*Aim of the exercise:* Write out all of the data exactly as it appears.

*Task material:*
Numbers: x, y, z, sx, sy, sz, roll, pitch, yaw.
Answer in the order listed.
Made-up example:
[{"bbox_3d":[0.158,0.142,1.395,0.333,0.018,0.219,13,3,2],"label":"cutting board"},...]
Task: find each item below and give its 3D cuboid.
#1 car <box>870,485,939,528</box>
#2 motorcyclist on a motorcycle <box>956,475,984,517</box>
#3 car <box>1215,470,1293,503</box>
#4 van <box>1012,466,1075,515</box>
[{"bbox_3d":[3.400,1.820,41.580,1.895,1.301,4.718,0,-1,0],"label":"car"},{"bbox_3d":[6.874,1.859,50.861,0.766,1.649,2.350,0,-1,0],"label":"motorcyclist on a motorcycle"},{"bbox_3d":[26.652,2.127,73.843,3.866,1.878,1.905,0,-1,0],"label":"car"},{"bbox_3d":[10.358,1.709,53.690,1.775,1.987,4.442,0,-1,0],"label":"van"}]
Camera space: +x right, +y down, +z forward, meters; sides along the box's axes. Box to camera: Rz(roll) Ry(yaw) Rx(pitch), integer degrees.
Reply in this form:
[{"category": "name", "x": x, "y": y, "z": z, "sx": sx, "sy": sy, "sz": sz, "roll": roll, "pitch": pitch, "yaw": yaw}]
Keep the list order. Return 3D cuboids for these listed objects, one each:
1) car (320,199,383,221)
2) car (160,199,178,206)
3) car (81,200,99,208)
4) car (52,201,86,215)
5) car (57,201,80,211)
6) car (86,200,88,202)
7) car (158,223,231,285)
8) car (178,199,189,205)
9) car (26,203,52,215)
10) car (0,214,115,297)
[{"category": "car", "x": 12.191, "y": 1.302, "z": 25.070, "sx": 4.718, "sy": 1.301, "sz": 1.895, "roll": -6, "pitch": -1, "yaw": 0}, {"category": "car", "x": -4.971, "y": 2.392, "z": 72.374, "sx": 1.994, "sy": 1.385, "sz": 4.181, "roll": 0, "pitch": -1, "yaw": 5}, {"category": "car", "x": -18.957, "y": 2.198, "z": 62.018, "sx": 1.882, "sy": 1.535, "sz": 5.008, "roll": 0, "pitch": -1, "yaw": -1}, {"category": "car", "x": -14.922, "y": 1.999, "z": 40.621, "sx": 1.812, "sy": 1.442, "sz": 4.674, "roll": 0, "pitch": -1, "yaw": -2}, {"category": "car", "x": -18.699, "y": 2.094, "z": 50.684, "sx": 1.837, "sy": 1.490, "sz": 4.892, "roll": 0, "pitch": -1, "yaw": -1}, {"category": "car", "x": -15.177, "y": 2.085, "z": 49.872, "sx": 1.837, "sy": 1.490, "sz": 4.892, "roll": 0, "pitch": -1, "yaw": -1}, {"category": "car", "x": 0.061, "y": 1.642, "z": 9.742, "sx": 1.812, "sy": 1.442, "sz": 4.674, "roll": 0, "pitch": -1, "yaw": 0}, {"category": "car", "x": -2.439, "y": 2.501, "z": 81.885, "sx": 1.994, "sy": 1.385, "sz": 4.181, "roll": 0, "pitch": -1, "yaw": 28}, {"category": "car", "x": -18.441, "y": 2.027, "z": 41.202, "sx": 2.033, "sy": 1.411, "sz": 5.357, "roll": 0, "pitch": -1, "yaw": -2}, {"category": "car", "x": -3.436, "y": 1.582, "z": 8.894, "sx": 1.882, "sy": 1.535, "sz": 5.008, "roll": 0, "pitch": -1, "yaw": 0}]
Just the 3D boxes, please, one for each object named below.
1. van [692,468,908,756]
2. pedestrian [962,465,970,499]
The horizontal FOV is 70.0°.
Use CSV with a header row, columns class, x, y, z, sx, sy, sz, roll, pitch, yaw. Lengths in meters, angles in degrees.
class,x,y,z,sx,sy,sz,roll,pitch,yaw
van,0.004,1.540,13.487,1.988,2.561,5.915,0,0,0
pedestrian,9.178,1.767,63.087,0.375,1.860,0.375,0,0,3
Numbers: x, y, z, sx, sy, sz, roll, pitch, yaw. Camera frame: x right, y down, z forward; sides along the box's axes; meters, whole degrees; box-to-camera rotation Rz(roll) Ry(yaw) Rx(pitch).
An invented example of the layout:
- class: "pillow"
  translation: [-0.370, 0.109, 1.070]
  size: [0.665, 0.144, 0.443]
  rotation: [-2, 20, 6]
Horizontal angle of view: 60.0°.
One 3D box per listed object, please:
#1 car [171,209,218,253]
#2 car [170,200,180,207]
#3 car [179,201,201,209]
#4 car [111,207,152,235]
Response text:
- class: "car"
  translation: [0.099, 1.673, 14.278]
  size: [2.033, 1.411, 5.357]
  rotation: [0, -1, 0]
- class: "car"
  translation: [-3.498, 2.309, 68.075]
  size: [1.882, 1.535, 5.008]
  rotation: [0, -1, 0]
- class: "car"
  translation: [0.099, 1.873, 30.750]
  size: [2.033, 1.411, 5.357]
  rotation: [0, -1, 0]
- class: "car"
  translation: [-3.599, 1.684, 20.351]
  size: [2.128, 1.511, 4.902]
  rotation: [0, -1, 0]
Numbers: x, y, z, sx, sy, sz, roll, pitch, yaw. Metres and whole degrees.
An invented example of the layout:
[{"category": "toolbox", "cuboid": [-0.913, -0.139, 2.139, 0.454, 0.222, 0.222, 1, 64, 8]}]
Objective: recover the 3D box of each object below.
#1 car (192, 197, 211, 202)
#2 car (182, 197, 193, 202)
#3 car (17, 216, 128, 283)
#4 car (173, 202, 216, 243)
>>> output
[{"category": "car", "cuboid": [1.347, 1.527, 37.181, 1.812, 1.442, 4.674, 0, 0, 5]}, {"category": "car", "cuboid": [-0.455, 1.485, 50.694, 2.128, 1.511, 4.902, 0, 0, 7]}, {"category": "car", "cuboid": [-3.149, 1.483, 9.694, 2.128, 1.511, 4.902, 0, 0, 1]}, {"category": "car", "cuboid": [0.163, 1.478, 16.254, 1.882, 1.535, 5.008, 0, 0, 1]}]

*Task answer:*
Numbers: x, y, z, sx, sy, sz, roll, pitch, yaw.
Answer in the order listed.
Made-up example:
[{"bbox_3d":[0.158,0.142,1.395,0.333,0.018,0.219,13,3,2],"label":"cutting board"},...]
Task: find each item below and give its 3D cuboid.
#1 car <box>870,485,939,528</box>
#2 motorcyclist on a motorcycle <box>956,475,984,517</box>
#3 car <box>1215,470,1293,503</box>
#4 van <box>1012,466,1075,515</box>
[{"bbox_3d":[3.400,1.820,41.580,1.895,1.301,4.718,0,-1,0],"label":"car"},{"bbox_3d":[6.874,1.859,50.861,0.766,1.649,2.350,0,-1,0],"label":"motorcyclist on a motorcycle"},{"bbox_3d":[26.652,2.127,73.843,3.866,1.878,1.905,0,-1,0],"label":"car"},{"bbox_3d":[10.358,1.709,53.690,1.775,1.987,4.442,0,-1,0],"label":"van"}]
Camera space: +x right, +y down, +z forward, meters; sides along the box's axes. Box to camera: Rz(roll) Ry(yaw) Rx(pitch), integer degrees.
Reply in this form:
[{"category": "name", "x": x, "y": y, "z": z, "sx": sx, "sy": sy, "sz": sz, "roll": roll, "pitch": pitch, "yaw": yaw}]
Keep the list order. Return 3D cuboids for these listed objects, one each:
1) car (320,199,383,221)
2) car (160,199,178,206)
3) car (81,200,99,208)
4) car (52,201,86,215)
5) car (57,201,80,211)
6) car (86,200,88,202)
7) car (158,223,231,285)
8) car (178,199,189,205)
9) car (26,203,52,215)
10) car (0,214,115,297)
[{"category": "car", "x": 12.191, "y": 1.302, "z": 25.070, "sx": 4.718, "sy": 1.301, "sz": 1.895, "roll": -6, "pitch": -1, "yaw": 0}, {"category": "car", "x": -4.971, "y": 2.392, "z": 72.374, "sx": 1.994, "sy": 1.385, "sz": 4.181, "roll": 0, "pitch": -1, "yaw": 5}, {"category": "car", "x": -18.957, "y": 2.198, "z": 62.018, "sx": 1.882, "sy": 1.535, "sz": 5.008, "roll": 0, "pitch": -1, "yaw": -1}, {"category": "car", "x": -14.922, "y": 1.999, "z": 40.621, "sx": 1.812, "sy": 1.442, "sz": 4.674, "roll": 0, "pitch": -1, "yaw": -2}, {"category": "car", "x": -18.699, "y": 2.094, "z": 50.684, "sx": 1.837, "sy": 1.490, "sz": 4.892, "roll": 0, "pitch": -1, "yaw": -1}, {"category": "car", "x": -15.177, "y": 2.085, "z": 49.872, "sx": 1.837, "sy": 1.490, "sz": 4.892, "roll": 0, "pitch": -1, "yaw": -1}, {"category": "car", "x": 0.061, "y": 1.642, "z": 9.742, "sx": 1.812, "sy": 1.442, "sz": 4.674, "roll": 0, "pitch": -1, "yaw": 0}, {"category": "car", "x": -2.439, "y": 2.501, "z": 81.885, "sx": 1.994, "sy": 1.385, "sz": 4.181, "roll": 0, "pitch": -1, "yaw": 28}, {"category": "car", "x": -18.441, "y": 2.027, "z": 41.202, "sx": 2.033, "sy": 1.411, "sz": 5.357, "roll": 0, "pitch": -1, "yaw": -2}, {"category": "car", "x": -3.436, "y": 1.582, "z": 8.894, "sx": 1.882, "sy": 1.535, "sz": 5.008, "roll": 0, "pitch": -1, "yaw": 0}]
Just the 3D boxes, please, one for each object named below.
1. van [692,468,908,756]
2. pedestrian [962,465,970,499]
The horizontal FOV is 70.0°.
Use CSV with a header row, columns class, x, y, z, sx, sy, sz, roll, pitch, yaw. Lengths in meters, angles in degrees.
class,x,y,z,sx,sy,sz,roll,pitch,yaw
van,0.004,1.540,13.487,1.988,2.561,5.915,0,0,0
pedestrian,9.178,1.767,63.087,0.375,1.860,0.375,0,0,3
Numbers: x, y, z, sx, sy, sz, roll, pitch, yaw. Camera frame: x right, y down, z forward; sides along the box's axes; meters, whole degrees; box-to-camera rotation Rz(roll) Ry(yaw) Rx(pitch).
An invented example of the layout:
- class: "pillow"
  translation: [-0.370, 0.109, 1.070]
  size: [0.665, 0.144, 0.443]
  rotation: [-2, 20, 6]
Horizontal angle of view: 60.0°.
One 3D box per listed object, please:
#1 car [171,209,218,253]
#2 car [170,200,180,207]
#3 car [179,201,201,209]
#4 car [111,207,152,235]
Response text:
- class: "car"
  translation: [0.099, 1.673, 14.278]
  size: [2.033, 1.411, 5.357]
  rotation: [0, -1, 0]
- class: "car"
  translation: [-3.498, 2.309, 68.075]
  size: [1.882, 1.535, 5.008]
  rotation: [0, -1, 0]
- class: "car"
  translation: [0.099, 1.873, 30.750]
  size: [2.033, 1.411, 5.357]
  rotation: [0, -1, 0]
- class: "car"
  translation: [-3.599, 1.684, 20.351]
  size: [2.128, 1.511, 4.902]
  rotation: [0, -1, 0]
Numbers: x, y, z, sx, sy, sz, roll, pitch, yaw. Metres and whole degrees.
An invented example of the layout:
[{"category": "toolbox", "cuboid": [-0.913, -0.139, 2.139, 0.454, 0.222, 0.222, 1, 64, 8]}]
Objective: recover the 3D box of each object below.
#1 car (192, 197, 211, 202)
#2 car (182, 197, 193, 202)
#3 car (17, 216, 128, 283)
#4 car (173, 202, 216, 243)
>>> output
[{"category": "car", "cuboid": [1.347, 1.527, 37.181, 1.812, 1.442, 4.674, 0, 0, 5]}, {"category": "car", "cuboid": [-0.455, 1.485, 50.694, 2.128, 1.511, 4.902, 0, 0, 7]}, {"category": "car", "cuboid": [-3.149, 1.483, 9.694, 2.128, 1.511, 4.902, 0, 0, 1]}, {"category": "car", "cuboid": [0.163, 1.478, 16.254, 1.882, 1.535, 5.008, 0, 0, 1]}]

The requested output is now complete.